The factory pattern is used to create the instance; the problem is if this factory create the implementation directly inside getFactory method, we have to change the Hadoop code to give it our custom DataSet manager. Let’s discover which methods are used by the getFactory method. from m in Methods where m.IsUsedBy (“org.apache.hadoop.hdfs.server.datanode.FSDatasetInterface$Factory.getFactory(Configuration)”) select new {m, m.NbBCInstructions}

hadoop27

The good news is that the factory uses the Configuration to get the class implementation, so we can only by configuration gives our custom DataSet, we can also search for all classes that can be given by configuration.

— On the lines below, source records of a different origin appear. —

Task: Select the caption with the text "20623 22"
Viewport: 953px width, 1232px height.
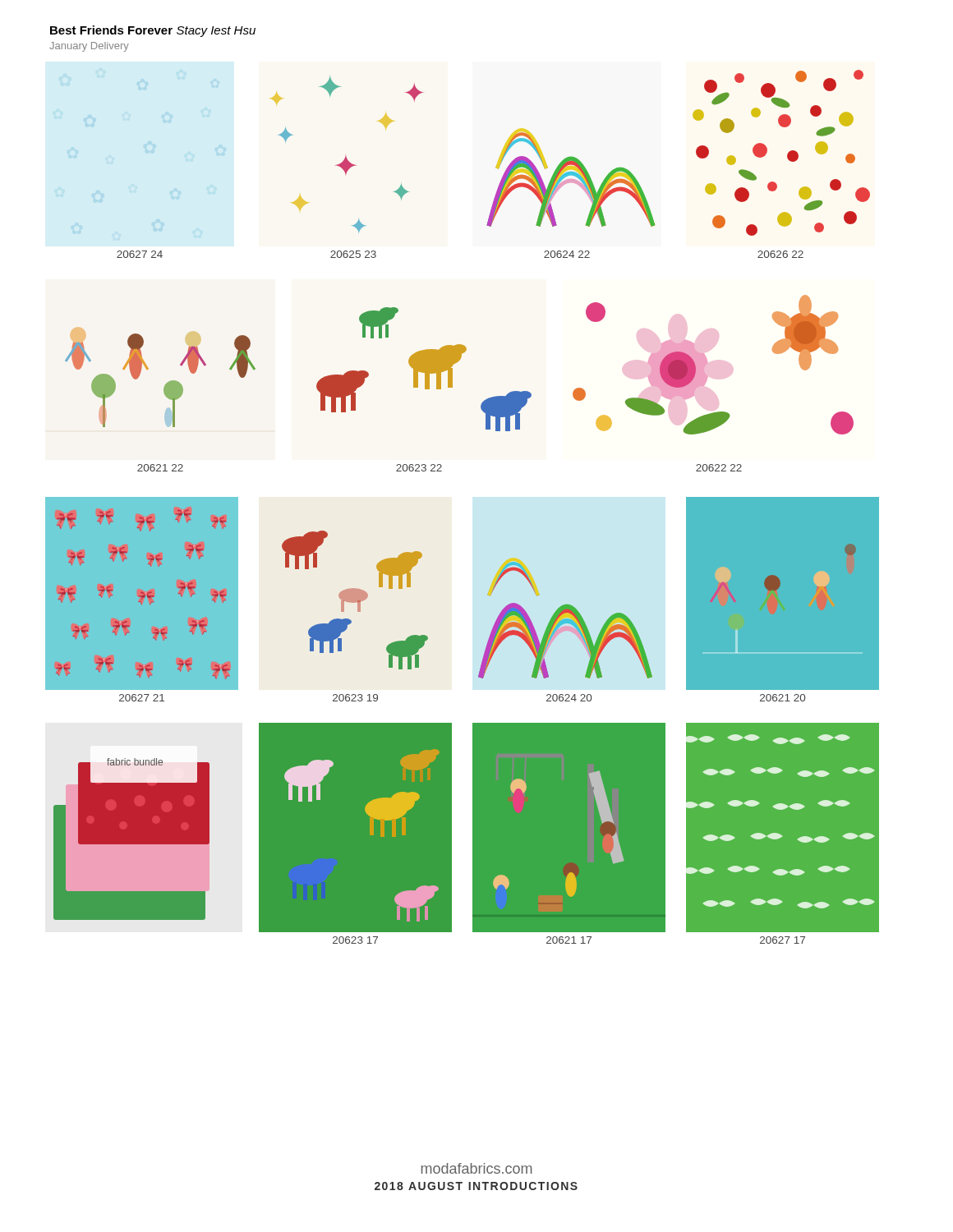Action: (419, 468)

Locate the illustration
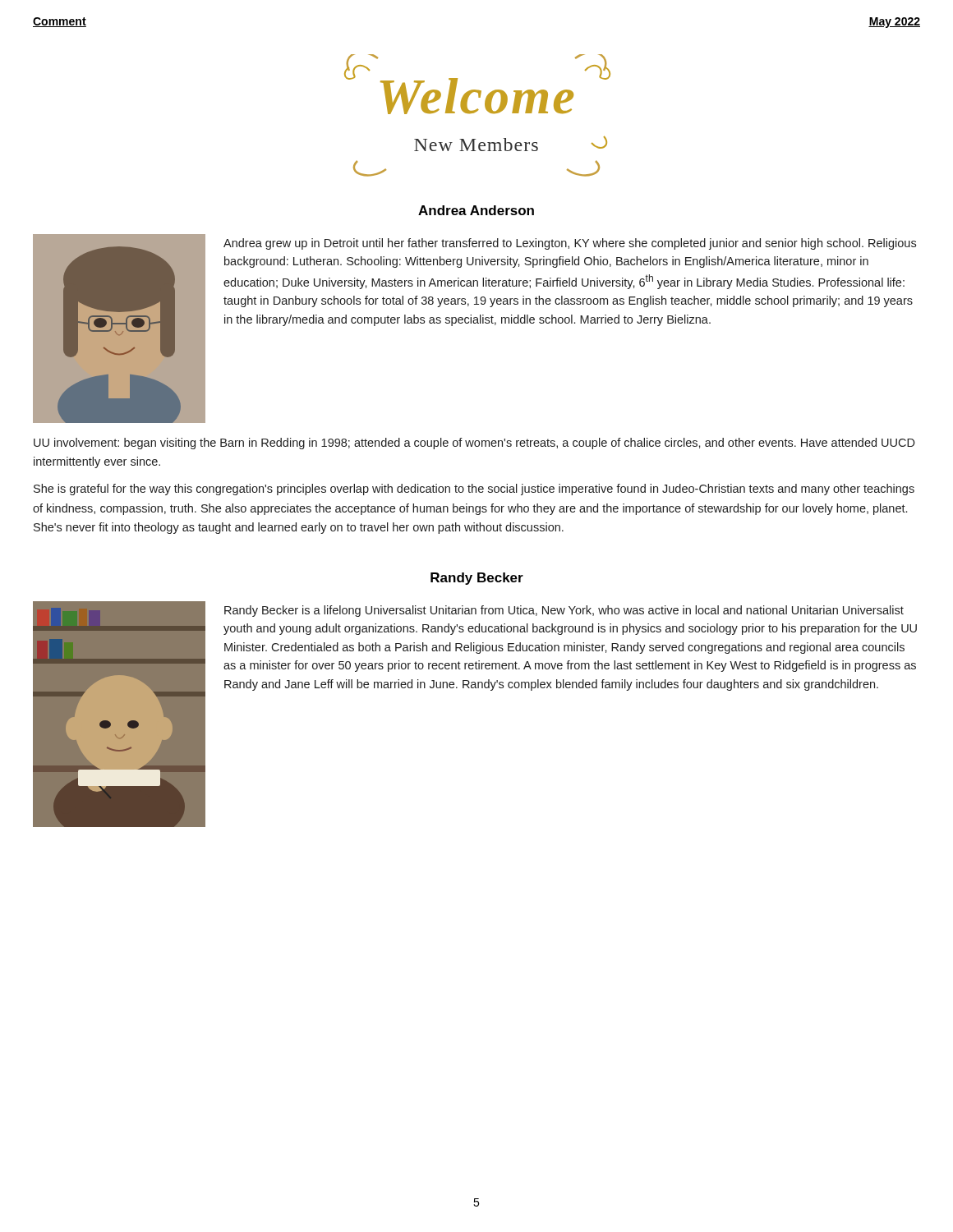pos(476,117)
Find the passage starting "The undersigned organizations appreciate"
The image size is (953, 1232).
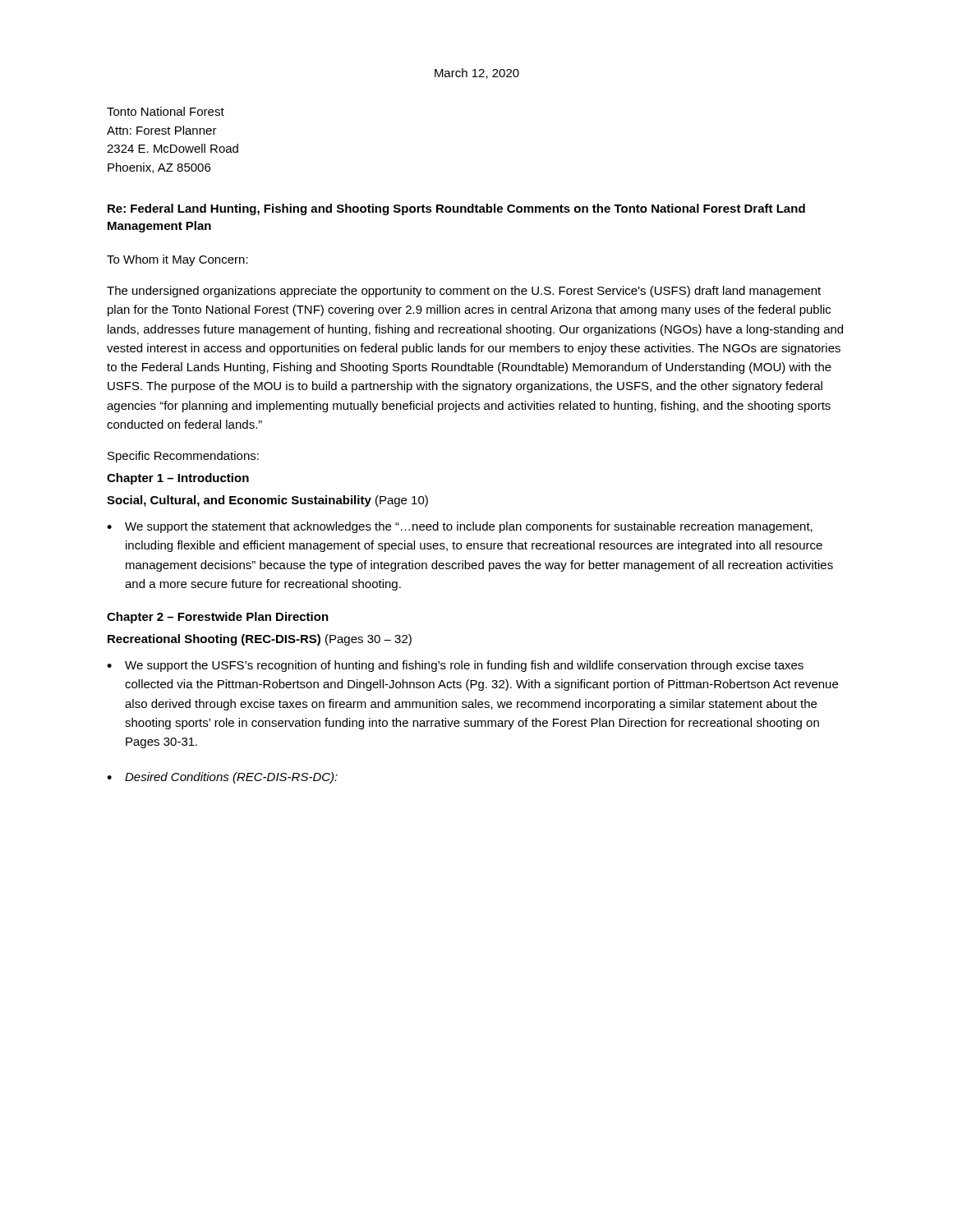click(x=475, y=357)
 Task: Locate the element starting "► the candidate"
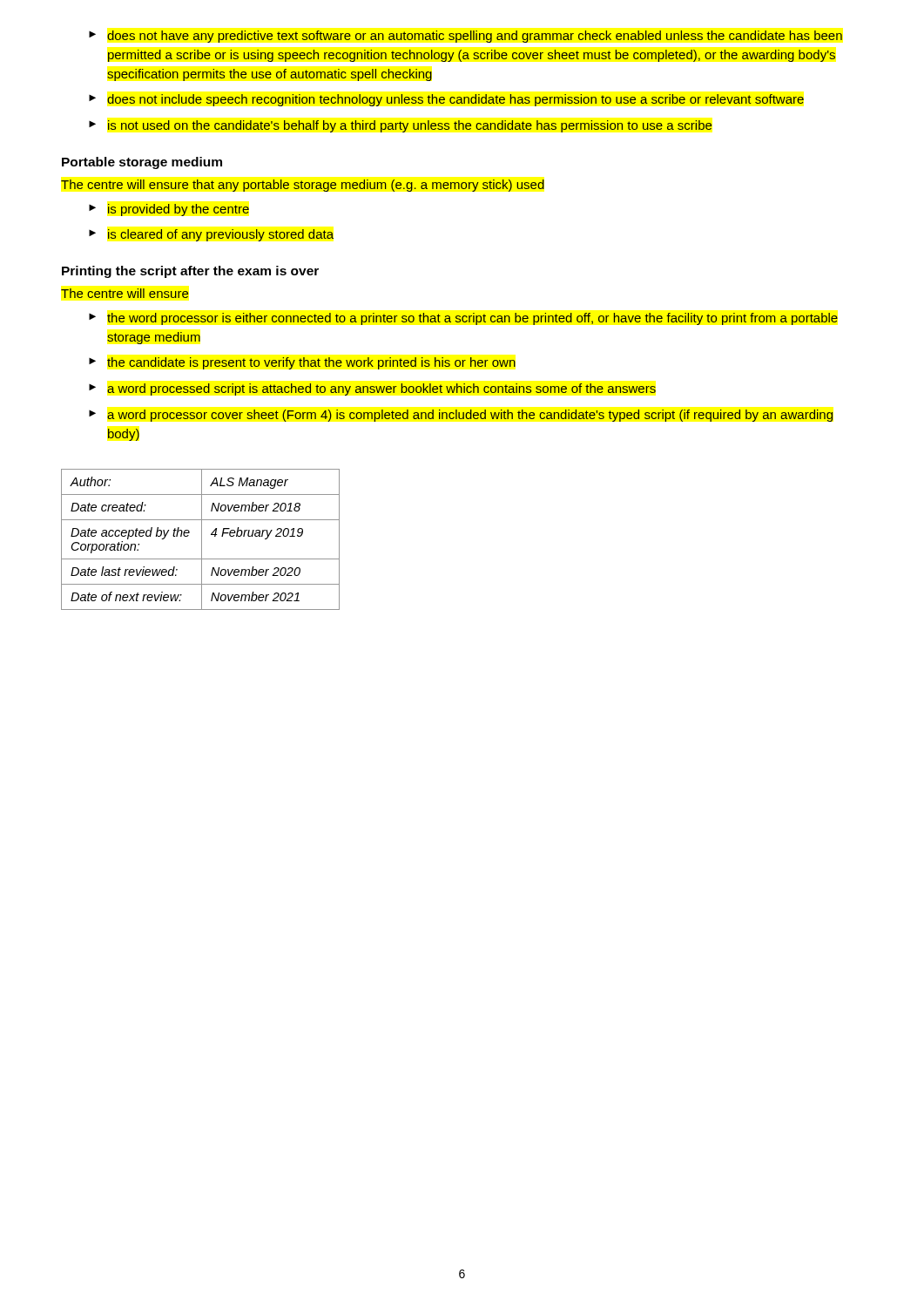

from m in Methods where m.IsUsing (“org.apache.hadoop.conf.Configuration.getClass(String,Class,Class)”) select new {m, m.NbBCInstructions}

hadoop28

Many classes could be injected inside the Hadoop framework without changing its source code, what makes it very flexible.

NameNode

The NameNode is the arbitrator and repository for all HDFS metadata. The system is designed in such a way that user data never flows through the NameNode. Here are some methods invoked when the name node is launched.

hadoop5

The RPC Server is created, and the fsnamesystem is loaded, here’s a quick look to these two components:

NameNodeRpcServer

NameNodeRpcServer is responsible for handling all of the RPC calls to the NameNode. For example when a data node is launched, it must register itself with the NameNode, the rpc server receive this request and forward it to fsnamesystem, which redirect it to dataNodeManager.

hadoop8

Another example is when a block of data is received. from m in Methods where m.IsUsedBy (“org.apache.hadoop.hdfs.server.namenode.NameNodeRpcServer.blockReceived(DatanodeRegistration,String,Block[],String[])”) select new {m, m.NbBCInstructions}

hadoop18

Each rectangle in the graph is proportional to the number of bytes of code instructions, and we can observe the BlockManager.addBlock do the most of the job. What’s interesting with Haddop is that each class has a specific responsibility, and any request is redirected to the corresponding manager.

FSnamesystem

HDFS supports a traditional hierarchical file organization. A user or an application can create directories and store files inside these directories. The file system namespace hierarchy is similar to most other existing file systems; one can create and remove files, move a file from one directory to another, or rename a file. For example here’s a dependency graph concerning the creation of a symbolic link.

hadoop15

HDFS Client

DFSClient can connect to a Hadoop Filesystem and perform basic file tasks. It uses the ClientProtocol to communicate with a NameNode daemon, and connects directly to DataNodes to read/write block data.
Hadoop DFS users should obtain an instance of DistributedFileSystem, which uses DFSClient to handle filesystem tasks. DistributedFileSystem act as facade and redirect requests to the DFSClient class, here’s the dependency graph concerning the creation of a directory request.

hadoop16

Conclusion:

Using frameworks as user is very interesting, but going inside this framework could give us more info suitable to understand it better, and adapt it to our needs easily. Hadoop is a powerful framework used by many companies, and most of them need to customize it, fortunately Hadoop is very flexible and permit us to change the behavior without changing the source code.